Learning from Bogotá

Pedagogical Urbanism and the Reshaping of Public Space

Rachel Berney author

Format:Hardback

Publisher:University of Texas Press

Published:17th Jan '17

Currently unavailable, and unfortunately no date known when it will be back

Learning from Bogotá cover

"A thorough and in-depth investigation of Bogota's much-praised urban transformation throughout the last twenty-five years. By recounting the successes and challenges of two key mayoral administrations in Bogota-Antanas Mockus and Enrique Penalosa-Berney makes a profound argument about the power of investment in public space and its significant transformative potential in the contemporary city." -- Felipe Correa, Harvard University, author of Beyond the City: Resource Extraction Urbanism in South America "Criticism such as Berney's is fundamental to understanding the need for deeper, more profound, and more sustained solutions to socioeconomic urban problems that have such long histories." -- Felipe Hernandez, King's College Cambridge, architect and author of Beyond Modernist Masters: Contemporary Architecture in Latin America

Learning from Bogotá illuminates how a former “drug capital” has been transformed into a “pedagogical city,” where redesigned public spaces teach residents how to reconnect with one another and become more engaged citizens

Once known as a “drug capital” and associated with kidnappings, violence, and excess, Bogotá, Colombia, has undergone a transformation that some have termed “the miracle of Bogotá.” Beginning in the late 1980s, the city emerged from a long period of political and social instability to become an unexpected model of urban development through the redesign and revitalization of the public realm—parks, transportation, and derelict spaces—under the leadership of two “public space mayors,” Antanas Mockus and Enrique Peñalosa (the latter reelected in 2015). In Learning from Bogotá, Rachel Berney analyzes how these mayors worked to reconfigure the troubled city into a pedagogical one whose public spaces and urban policy have helped shape a more tolerant and aware citizenry.

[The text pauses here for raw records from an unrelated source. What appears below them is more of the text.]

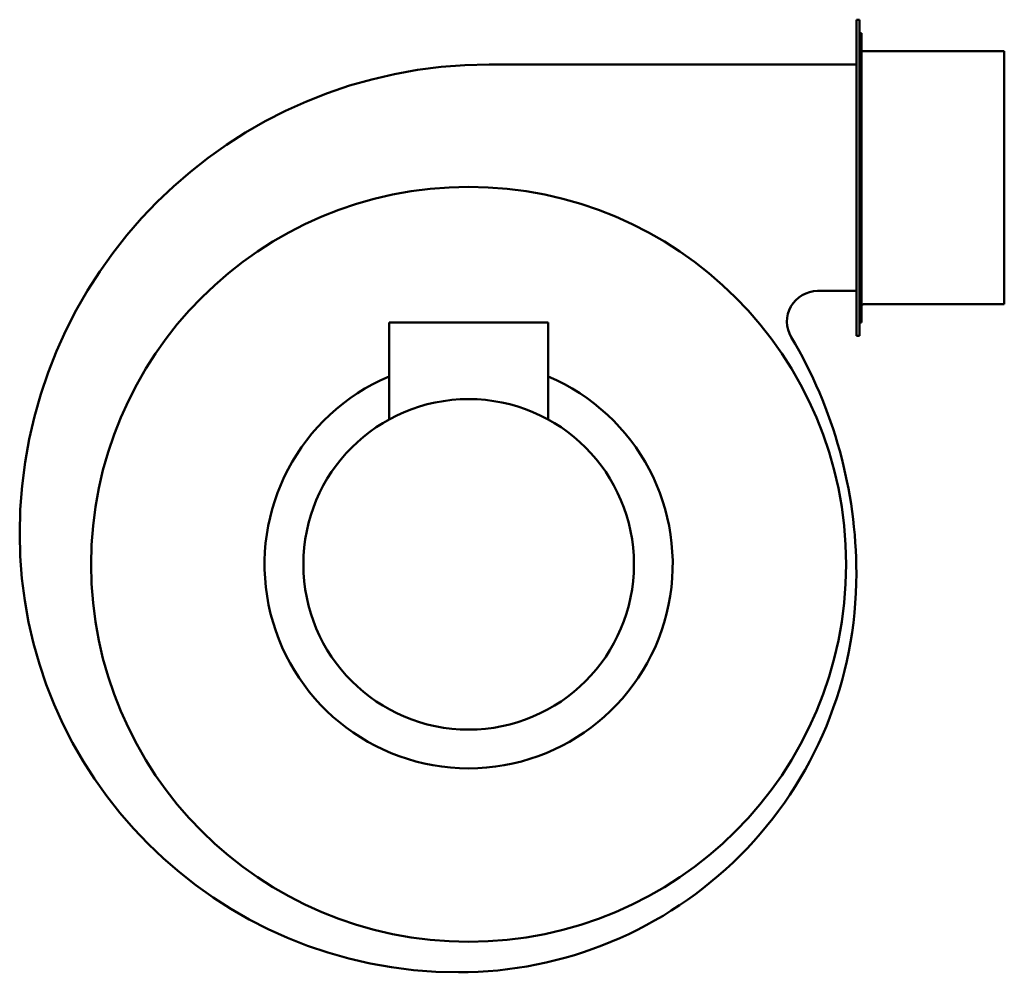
# Model space of a CAD drawing. Header units: millimetres. Extents: x 179 to 661, y 64 to 531.
import ezdxf

# ---------------------------------------------------------------- set-up
doc = ezdxf.new("R2010")
doc.units = ezdxf.units.MM
doc.header["$LTSCALE"] = 2
doc.layers.add('Widoczne (ISO)', color=7, linetype='Continuous', lineweight=50)

msp = doc.modelspace()

# ---------------------------------------------------------------- linework, layer by layer
at = {"layer": 'Widoczne (ISO)'}
for p, q in [((588.75, 530.5), (588.75, 375.5)), ((588.75, 530.5), (590.25, 530.5)), ((590.25, 375.5), (590.25, 530.5)), ((591.25, 523.93), (590.25, 523.93)), ((590.25, 523.93), (591.25, 523.93)), ((591.25, 382), (591.25, 523.93)), ((591.25, 523.93), (591.25, 523.93)), ((661.25, 515.05), (591.93, 515.05)), ((661.25, 515), (592.25, 515)), ((661.25, 515), (661.25, 515.05)), ((661.25, 391), (661.25, 515)), ((588.75, 508.5), (408.75, 508.5)), ((569.75, 397.5), (588.75, 397.5)), ((661.25, 391), (592.25, 391)), ((359.75, 382), (437.75, 382)), ((359.75, 382), (359.75, 334.5)), ((437.75, 334.5), (437.75, 382)), ((591.25, 382), (590.25, 382)), ((588.75, 375.5), (590.25, 375.5))]:
    msp.add_line(p, q, dxfattribs=at)
for radius in [185, 81]:
    msp.add_circle((398.75, 263.5), radius, dxfattribs=at)
for centre, radius, start, end in [((408.75, 278.5), 230, 90, 180), ((569.75, 382.5), 15, 90, 210.7397), ((592.25, 390), 1, 90, 180), ((361.75, 258.81), 227, 0.049, 30.7397), ((398.75, 263.5), 100, 112.9545, 67.0455), ((393.75, 278.5), 215, 180, 270), ((393.75, 258.5), 195, 270, 0.1464)]:
    msp.add_arc(centre, radius, start, end, dxfattribs=at)
msp.add_open_spline([(591.25, 516), (591.25, 515.87), (591.28, 515.73), (591.38, 515.5), (591.46, 515.38), (591.63, 515.2), (591.76, 515.12), (591.99, 515.03), (592.13, 515), (592.25, 515)], degree=3, knots=[0.1481054, 0.1481054, 0.1481054, 0.1481054, 0.1851356, 0.1851356, 0.2221635, 0.2221635, 0.2591885, 0.2591885, 0.296211, 0.296211, 0.296211, 0.296211], dxfattribs=at)

doc.saveas('drawing.dxf')

Berney examines the contributions of Mockus and Peñalosa through the lenses of both spatial/urban design and the city’s history. She shows how, through the careful intertwining of new public space and transportation projects, the reclamation of privatized public space, and the refurbishment of dilapidated open spaces, the mayors enacted an ambitious urban vision for Bogotá without resorting to the failed method of the top-down city master plan. Illuminating the complex interplay between formal politics, urban planning, and improvised social strategies, as well as the negative consequences that accompanied Bogotá’s metamorphosis, Learning from Bogotá offers significant lessons about the possibility for positive and lasting change in cities around the world.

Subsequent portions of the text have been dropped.